Of course, inviting people in isn’t the only way to reach out. Puckett is also a big proponent of getting industry personnel into classrooms or vocational training programs. “It would take a bit of work on the industry’s part to find out what local schools offer,” he admits, but he says the effort would be well worth it. Students like those in the Hope Builders program, he says, are “just floating. They’re looking for a direction. They’re a huge resource that’s going untapped. There’s a huge gap between kids and the industry. If we all work together, we can pull that gap closed and the kids can walk across.” When that happens, Puckett says, it’ll mean good careers for his students and a ready workforce for the industry.

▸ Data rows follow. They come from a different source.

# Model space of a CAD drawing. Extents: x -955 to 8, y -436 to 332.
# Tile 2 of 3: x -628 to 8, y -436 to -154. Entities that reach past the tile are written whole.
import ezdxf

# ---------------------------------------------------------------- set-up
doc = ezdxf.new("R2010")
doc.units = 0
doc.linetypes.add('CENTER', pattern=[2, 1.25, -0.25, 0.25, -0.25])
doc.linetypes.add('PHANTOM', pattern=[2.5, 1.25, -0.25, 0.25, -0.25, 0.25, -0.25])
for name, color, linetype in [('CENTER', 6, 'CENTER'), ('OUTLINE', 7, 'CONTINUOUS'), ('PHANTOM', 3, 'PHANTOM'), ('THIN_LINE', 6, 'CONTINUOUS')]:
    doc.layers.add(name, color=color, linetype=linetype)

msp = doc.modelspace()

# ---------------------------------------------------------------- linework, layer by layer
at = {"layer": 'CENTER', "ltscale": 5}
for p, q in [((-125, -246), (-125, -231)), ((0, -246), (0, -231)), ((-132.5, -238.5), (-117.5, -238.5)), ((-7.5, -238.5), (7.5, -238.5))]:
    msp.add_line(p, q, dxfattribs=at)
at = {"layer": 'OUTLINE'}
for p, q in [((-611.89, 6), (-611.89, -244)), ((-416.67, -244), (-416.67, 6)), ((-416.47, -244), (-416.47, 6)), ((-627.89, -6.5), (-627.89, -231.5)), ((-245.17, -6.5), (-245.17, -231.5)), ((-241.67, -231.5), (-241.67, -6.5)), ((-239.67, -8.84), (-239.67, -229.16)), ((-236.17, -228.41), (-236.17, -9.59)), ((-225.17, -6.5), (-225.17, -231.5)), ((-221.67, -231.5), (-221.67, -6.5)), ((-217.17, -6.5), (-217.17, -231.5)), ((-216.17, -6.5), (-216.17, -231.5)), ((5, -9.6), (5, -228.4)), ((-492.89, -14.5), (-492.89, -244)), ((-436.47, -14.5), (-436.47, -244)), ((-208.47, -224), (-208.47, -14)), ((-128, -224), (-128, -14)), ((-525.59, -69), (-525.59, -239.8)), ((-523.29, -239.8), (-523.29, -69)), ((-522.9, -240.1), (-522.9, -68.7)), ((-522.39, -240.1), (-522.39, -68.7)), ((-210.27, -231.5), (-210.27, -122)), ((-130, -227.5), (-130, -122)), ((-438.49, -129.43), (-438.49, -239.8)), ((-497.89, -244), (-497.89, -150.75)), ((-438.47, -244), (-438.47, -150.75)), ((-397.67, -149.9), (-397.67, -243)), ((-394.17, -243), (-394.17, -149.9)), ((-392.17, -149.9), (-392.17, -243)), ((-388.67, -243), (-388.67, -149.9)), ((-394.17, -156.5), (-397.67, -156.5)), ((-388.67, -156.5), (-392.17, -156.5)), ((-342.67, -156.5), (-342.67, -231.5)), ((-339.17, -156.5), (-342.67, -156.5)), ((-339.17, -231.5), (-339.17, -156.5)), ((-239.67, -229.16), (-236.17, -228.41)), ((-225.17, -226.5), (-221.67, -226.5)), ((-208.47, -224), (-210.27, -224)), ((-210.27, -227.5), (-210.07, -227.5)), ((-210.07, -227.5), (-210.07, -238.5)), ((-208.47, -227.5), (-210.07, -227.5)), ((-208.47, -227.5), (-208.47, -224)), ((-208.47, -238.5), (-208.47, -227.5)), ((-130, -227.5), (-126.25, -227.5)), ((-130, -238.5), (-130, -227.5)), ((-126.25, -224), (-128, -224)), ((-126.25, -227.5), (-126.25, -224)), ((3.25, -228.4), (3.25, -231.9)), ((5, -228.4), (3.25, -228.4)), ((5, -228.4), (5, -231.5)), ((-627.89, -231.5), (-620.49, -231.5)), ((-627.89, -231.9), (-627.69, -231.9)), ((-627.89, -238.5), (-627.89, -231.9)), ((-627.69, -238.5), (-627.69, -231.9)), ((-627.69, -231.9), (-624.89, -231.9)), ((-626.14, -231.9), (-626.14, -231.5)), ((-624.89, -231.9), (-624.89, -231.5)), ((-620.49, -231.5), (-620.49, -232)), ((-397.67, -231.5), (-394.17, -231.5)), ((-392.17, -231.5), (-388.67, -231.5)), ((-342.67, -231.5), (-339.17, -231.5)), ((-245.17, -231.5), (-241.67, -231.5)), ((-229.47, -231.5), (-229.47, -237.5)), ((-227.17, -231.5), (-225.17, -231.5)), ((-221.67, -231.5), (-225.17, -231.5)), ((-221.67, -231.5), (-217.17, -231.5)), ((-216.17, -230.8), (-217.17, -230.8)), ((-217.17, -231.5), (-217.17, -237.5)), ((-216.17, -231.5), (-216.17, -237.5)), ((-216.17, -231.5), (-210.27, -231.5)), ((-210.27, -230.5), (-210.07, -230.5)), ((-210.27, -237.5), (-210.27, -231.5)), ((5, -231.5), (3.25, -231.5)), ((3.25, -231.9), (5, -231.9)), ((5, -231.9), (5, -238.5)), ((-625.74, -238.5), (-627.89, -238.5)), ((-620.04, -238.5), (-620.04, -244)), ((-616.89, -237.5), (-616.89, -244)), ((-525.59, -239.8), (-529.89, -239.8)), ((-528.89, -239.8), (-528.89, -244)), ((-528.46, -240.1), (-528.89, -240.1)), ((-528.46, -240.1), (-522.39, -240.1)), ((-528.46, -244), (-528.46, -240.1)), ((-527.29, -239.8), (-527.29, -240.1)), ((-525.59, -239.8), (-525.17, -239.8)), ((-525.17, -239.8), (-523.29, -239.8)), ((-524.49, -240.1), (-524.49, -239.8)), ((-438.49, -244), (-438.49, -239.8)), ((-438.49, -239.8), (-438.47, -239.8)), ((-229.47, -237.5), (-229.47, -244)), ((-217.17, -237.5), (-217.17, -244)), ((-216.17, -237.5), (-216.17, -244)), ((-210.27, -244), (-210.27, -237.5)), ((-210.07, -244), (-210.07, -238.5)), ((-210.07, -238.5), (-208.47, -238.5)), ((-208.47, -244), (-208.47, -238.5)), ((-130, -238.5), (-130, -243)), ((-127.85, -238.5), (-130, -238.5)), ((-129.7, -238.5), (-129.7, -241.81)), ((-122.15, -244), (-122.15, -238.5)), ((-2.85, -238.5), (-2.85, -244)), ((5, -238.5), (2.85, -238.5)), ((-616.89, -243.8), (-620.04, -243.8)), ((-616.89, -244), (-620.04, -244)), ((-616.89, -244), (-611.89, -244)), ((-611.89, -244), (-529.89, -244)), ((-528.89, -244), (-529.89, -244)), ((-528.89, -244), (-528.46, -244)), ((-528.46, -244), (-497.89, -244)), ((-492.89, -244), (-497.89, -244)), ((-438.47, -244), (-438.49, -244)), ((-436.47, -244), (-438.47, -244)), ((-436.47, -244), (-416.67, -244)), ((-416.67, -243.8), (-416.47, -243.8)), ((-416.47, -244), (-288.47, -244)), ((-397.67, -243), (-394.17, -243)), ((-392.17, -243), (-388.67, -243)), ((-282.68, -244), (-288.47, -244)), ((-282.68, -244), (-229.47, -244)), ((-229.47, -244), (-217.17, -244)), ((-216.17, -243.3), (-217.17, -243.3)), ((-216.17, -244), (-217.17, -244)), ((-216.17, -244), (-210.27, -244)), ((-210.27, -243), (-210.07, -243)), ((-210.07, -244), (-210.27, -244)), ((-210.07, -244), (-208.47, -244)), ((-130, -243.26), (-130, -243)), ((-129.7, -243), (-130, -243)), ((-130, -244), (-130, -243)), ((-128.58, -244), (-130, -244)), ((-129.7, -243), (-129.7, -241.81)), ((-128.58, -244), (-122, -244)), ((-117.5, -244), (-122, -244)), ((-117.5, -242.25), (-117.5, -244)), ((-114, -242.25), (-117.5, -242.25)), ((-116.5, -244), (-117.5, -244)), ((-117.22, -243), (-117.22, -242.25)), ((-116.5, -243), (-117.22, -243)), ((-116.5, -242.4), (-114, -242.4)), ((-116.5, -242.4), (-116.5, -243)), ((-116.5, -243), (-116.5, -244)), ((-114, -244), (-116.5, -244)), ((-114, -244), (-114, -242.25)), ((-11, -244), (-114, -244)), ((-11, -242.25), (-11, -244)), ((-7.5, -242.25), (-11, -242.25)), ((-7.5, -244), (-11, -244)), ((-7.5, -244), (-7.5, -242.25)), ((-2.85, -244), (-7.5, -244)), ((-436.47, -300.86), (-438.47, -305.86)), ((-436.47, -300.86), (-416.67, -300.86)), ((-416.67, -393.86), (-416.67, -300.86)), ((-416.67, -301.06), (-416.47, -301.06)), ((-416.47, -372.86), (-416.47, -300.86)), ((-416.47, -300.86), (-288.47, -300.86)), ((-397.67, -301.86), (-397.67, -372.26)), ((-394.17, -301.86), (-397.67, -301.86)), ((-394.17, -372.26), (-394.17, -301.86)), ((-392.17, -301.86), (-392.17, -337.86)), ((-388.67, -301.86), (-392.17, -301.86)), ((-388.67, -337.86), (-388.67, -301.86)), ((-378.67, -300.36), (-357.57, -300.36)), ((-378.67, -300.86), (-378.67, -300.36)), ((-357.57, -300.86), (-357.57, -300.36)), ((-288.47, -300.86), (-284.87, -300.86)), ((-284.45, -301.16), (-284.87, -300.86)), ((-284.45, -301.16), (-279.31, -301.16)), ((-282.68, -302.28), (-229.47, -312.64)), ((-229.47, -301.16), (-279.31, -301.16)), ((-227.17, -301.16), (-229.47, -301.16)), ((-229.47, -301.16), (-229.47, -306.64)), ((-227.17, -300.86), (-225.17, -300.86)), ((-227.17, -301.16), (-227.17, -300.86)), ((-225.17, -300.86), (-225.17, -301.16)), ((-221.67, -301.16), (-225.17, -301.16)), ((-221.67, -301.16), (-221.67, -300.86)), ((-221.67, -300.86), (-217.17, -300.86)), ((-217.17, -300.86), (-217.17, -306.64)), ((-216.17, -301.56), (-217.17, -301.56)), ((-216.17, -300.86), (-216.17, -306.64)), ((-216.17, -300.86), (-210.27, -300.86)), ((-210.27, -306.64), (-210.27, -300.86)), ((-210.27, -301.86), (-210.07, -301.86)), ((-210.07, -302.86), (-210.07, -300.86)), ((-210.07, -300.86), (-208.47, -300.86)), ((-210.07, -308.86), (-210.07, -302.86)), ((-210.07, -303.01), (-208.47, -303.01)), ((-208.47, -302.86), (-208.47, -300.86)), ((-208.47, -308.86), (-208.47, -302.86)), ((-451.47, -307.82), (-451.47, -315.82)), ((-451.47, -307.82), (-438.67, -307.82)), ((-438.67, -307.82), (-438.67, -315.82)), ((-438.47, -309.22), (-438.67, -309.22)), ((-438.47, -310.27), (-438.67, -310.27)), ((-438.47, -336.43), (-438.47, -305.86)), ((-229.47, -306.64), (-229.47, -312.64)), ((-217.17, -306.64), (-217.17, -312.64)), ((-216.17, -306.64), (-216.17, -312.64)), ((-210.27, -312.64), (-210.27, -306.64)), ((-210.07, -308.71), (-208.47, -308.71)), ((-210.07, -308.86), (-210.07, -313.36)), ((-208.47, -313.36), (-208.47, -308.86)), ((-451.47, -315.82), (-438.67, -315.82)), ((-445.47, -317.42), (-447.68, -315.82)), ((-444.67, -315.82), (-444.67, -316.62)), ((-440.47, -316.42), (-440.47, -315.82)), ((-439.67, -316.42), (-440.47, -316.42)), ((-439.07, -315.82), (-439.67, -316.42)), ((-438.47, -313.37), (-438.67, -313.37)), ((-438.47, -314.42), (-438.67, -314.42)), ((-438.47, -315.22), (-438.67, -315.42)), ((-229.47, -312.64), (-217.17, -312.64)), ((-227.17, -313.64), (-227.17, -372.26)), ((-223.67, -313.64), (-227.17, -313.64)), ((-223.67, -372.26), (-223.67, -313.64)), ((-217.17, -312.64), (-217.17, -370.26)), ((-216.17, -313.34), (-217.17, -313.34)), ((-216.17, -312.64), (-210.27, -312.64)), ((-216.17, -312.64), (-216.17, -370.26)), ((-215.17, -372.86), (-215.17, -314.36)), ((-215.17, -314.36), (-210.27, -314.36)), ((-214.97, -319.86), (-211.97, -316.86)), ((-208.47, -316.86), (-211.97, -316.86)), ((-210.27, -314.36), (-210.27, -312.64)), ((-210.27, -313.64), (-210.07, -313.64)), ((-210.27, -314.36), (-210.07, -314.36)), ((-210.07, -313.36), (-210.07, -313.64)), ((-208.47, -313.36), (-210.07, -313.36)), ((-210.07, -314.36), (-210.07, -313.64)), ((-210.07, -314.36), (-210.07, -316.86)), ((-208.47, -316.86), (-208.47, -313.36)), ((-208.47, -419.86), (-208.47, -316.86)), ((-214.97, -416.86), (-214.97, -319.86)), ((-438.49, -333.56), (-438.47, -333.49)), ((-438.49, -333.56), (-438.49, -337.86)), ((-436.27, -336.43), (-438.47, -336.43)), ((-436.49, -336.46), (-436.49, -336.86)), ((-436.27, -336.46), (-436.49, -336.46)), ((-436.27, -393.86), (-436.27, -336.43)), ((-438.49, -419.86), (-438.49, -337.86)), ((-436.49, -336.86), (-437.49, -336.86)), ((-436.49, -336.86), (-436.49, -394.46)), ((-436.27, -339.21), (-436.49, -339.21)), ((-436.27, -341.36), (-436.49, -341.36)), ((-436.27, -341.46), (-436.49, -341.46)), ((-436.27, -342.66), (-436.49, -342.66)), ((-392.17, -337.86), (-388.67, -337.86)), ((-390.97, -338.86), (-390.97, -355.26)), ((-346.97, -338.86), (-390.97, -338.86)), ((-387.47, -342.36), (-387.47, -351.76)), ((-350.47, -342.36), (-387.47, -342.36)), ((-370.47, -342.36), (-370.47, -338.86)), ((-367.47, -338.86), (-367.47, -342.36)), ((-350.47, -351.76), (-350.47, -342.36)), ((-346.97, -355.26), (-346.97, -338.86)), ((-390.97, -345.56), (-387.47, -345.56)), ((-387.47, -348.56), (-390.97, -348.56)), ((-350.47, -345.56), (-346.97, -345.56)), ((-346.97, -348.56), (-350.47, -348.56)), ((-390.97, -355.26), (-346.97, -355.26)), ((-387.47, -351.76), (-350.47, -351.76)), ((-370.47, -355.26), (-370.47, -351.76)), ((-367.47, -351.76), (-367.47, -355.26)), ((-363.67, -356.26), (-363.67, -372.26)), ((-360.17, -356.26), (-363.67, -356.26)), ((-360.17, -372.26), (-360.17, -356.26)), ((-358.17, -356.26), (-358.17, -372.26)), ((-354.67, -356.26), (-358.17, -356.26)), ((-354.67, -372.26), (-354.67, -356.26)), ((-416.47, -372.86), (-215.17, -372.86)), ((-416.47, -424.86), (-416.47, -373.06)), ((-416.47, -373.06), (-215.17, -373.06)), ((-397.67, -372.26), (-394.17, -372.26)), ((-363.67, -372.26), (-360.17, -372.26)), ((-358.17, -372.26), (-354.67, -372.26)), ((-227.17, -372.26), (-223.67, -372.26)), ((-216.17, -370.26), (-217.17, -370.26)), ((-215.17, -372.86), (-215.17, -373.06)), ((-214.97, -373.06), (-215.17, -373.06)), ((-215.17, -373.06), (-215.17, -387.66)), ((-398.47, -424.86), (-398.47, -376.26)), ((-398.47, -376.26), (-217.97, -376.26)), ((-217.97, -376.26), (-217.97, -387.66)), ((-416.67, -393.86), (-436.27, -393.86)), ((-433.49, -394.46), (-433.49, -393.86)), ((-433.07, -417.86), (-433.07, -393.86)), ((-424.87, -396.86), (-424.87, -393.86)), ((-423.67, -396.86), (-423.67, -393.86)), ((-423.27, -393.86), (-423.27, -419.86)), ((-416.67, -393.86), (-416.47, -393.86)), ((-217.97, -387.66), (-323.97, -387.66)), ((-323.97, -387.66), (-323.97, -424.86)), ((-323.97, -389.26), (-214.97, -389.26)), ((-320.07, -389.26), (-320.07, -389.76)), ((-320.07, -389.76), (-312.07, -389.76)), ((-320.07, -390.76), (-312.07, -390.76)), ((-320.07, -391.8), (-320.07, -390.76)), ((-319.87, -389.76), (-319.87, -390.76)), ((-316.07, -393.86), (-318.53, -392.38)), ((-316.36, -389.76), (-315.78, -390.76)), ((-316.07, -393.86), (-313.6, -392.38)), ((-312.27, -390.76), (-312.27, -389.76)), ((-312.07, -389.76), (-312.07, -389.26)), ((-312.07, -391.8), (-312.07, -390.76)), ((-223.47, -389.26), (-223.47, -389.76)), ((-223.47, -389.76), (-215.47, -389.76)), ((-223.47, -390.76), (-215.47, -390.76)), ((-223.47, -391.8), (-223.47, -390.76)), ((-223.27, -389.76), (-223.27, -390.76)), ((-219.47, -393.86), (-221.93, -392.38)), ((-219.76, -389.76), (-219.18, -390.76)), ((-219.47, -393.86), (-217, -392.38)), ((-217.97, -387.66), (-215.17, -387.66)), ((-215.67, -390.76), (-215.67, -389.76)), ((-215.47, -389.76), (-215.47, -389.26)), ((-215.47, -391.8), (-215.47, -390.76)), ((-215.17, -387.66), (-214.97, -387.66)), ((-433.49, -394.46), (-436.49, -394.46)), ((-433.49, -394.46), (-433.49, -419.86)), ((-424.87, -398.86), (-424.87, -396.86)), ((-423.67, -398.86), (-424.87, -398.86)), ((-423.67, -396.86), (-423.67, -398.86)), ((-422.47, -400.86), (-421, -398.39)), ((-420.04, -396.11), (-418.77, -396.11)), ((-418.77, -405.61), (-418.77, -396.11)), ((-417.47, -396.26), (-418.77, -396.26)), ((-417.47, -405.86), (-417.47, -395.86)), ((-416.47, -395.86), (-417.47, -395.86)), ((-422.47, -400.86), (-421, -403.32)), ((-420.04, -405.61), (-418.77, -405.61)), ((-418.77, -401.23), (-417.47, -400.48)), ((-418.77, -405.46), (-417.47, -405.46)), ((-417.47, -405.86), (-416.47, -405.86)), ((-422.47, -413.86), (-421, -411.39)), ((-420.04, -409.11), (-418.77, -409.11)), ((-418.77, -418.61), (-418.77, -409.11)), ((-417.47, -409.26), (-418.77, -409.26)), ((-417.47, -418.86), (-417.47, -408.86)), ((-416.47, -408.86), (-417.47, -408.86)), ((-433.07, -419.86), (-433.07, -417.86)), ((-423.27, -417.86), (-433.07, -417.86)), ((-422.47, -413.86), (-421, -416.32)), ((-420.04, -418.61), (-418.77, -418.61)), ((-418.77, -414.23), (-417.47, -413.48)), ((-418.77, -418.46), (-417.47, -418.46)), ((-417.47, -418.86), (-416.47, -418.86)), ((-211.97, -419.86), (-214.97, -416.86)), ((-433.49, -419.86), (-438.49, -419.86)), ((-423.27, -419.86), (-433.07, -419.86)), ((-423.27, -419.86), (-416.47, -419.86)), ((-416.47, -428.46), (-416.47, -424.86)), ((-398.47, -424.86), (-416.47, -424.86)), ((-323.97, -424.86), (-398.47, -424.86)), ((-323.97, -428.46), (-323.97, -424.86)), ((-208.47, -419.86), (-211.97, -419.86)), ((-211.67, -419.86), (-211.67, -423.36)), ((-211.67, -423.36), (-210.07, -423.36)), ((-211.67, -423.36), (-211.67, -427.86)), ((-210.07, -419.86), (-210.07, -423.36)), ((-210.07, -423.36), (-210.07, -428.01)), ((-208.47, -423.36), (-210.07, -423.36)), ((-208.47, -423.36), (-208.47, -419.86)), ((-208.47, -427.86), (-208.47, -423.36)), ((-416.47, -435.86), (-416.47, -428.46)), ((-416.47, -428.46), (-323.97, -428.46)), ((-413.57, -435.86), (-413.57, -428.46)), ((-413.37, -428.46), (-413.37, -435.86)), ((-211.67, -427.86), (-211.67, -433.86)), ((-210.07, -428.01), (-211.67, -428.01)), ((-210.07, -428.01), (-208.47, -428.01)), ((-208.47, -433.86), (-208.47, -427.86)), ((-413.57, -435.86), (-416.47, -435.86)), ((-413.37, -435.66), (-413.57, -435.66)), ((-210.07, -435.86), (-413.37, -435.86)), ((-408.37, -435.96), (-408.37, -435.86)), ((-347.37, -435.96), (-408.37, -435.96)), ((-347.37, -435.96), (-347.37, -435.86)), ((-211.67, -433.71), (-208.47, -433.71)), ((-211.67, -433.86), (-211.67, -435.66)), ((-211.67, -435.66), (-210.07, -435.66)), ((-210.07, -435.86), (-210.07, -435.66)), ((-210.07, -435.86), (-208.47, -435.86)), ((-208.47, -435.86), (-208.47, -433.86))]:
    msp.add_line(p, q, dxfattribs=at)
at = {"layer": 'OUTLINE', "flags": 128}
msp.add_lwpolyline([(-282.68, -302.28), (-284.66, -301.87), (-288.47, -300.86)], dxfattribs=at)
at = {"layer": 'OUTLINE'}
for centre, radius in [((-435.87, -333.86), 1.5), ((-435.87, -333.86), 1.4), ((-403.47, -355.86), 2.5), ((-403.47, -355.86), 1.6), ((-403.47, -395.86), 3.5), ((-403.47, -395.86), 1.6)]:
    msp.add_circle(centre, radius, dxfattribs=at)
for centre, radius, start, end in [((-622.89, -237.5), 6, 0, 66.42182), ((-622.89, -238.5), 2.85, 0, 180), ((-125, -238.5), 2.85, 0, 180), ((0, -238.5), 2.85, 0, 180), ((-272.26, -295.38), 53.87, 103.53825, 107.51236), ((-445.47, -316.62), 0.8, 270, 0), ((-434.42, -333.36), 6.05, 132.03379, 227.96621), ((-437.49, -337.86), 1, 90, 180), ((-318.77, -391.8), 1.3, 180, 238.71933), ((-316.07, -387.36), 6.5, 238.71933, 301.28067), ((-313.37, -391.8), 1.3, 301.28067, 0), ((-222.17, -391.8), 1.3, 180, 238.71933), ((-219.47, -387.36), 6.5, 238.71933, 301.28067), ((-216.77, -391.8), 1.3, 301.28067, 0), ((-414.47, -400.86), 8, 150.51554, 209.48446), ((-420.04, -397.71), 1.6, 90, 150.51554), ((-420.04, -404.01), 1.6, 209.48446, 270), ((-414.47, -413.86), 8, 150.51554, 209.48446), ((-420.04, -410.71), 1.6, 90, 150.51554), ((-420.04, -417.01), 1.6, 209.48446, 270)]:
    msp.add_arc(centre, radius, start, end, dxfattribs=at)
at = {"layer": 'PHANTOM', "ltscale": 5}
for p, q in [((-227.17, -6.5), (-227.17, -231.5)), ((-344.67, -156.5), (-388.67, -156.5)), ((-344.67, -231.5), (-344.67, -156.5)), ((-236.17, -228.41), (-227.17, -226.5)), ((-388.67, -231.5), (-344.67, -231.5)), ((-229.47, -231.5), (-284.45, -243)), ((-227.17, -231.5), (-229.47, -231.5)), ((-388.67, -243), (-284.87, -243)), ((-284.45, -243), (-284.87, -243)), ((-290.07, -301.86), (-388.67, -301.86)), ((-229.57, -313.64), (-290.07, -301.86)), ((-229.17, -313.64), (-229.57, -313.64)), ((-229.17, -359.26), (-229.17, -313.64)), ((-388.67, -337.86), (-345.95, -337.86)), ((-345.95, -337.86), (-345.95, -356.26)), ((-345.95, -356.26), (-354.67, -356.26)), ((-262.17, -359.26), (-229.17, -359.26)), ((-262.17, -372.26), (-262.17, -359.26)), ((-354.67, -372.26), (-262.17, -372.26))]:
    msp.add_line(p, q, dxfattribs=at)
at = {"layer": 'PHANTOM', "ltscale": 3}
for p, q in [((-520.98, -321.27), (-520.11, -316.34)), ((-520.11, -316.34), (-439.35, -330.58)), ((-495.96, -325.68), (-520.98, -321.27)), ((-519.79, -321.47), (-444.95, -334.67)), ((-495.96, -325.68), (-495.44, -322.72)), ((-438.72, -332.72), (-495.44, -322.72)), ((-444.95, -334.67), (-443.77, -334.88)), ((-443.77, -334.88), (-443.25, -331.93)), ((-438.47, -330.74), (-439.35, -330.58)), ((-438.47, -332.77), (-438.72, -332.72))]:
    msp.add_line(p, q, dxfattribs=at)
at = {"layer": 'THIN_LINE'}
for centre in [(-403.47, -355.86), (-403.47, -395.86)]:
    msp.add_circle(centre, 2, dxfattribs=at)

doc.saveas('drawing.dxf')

For Hernandez, the day was a success regardless of whether the Hope Builders students seek careers in component manufacturing, elsewhere in the construction industry, or in another sector entirely. “Maybe three or four of them end up on the truss side,” he said. “Maybe none.” He adds that despite the distance between the Integra plant and inner-city Santa Ana, he’d be thrilled to extend an offer. “I did say if any of them ever move out this way to stop in and fill out an application.” But what matters most, he emphasized, is that it was a positive experience for everyone involved. “The tour went great!” he said. The Hope Builders students were “energetic, fresh-faced kids who are interested” in what’s going on at Integra.

When Puckett mentions the facility tours he takes with his students, contractors often respond with, “Oh, man – I’d love to go do that!” Puckett’s response? You can, anytime. All you need to do is call up someone like Hernandez and ask.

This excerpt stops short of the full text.